- [EXERCISE DATA]:
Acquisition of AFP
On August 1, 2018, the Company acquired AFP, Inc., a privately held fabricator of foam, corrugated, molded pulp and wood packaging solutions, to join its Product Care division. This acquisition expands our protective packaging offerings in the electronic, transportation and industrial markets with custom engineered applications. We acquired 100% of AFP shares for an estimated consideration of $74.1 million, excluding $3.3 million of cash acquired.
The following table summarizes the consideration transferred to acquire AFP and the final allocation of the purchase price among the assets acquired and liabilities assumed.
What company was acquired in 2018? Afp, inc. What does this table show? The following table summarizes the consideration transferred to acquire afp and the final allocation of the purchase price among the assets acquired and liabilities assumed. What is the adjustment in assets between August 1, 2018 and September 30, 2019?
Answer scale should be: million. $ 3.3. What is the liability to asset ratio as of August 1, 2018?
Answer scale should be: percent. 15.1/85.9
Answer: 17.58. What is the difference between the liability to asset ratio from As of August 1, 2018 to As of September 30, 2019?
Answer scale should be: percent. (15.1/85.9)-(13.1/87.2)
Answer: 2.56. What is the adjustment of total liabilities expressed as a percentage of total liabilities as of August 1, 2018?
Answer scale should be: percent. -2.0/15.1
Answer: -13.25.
...
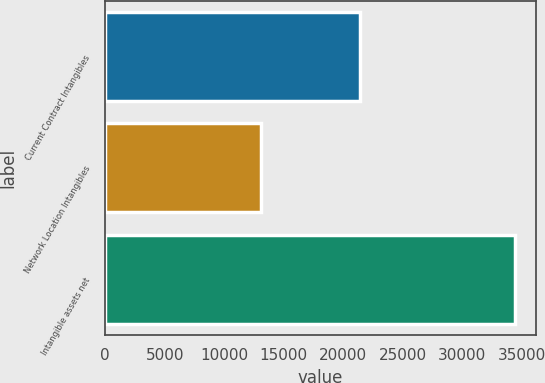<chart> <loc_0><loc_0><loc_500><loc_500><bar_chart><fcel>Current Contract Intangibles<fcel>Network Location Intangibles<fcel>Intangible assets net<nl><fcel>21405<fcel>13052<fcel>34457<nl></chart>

- [ASSIGNMENT]: In the data above, retype exactly and only the lines between the one holding "Answer scale should be: percent. 15.1/85.9" and the one holding "Answer: -13.25.", inclusive.

- [ANSWER TO THE PROBLEM]:
Answer scale should be: percent. 15.1/85.9
Answer: 17.58. What is the difference between the liability to asset ratio from As of August 1, 2018 to As of September 30, 2019?
Answer scale should be: percent. (15.1/85.9)-(13.1/87.2)
Answer: 2.56. What is the adjustment of total liabilities expressed as a percentage of total liabilities as of August 1, 2018?
Answer scale should be: percent. -2.0/15.1
Answer: -13.25.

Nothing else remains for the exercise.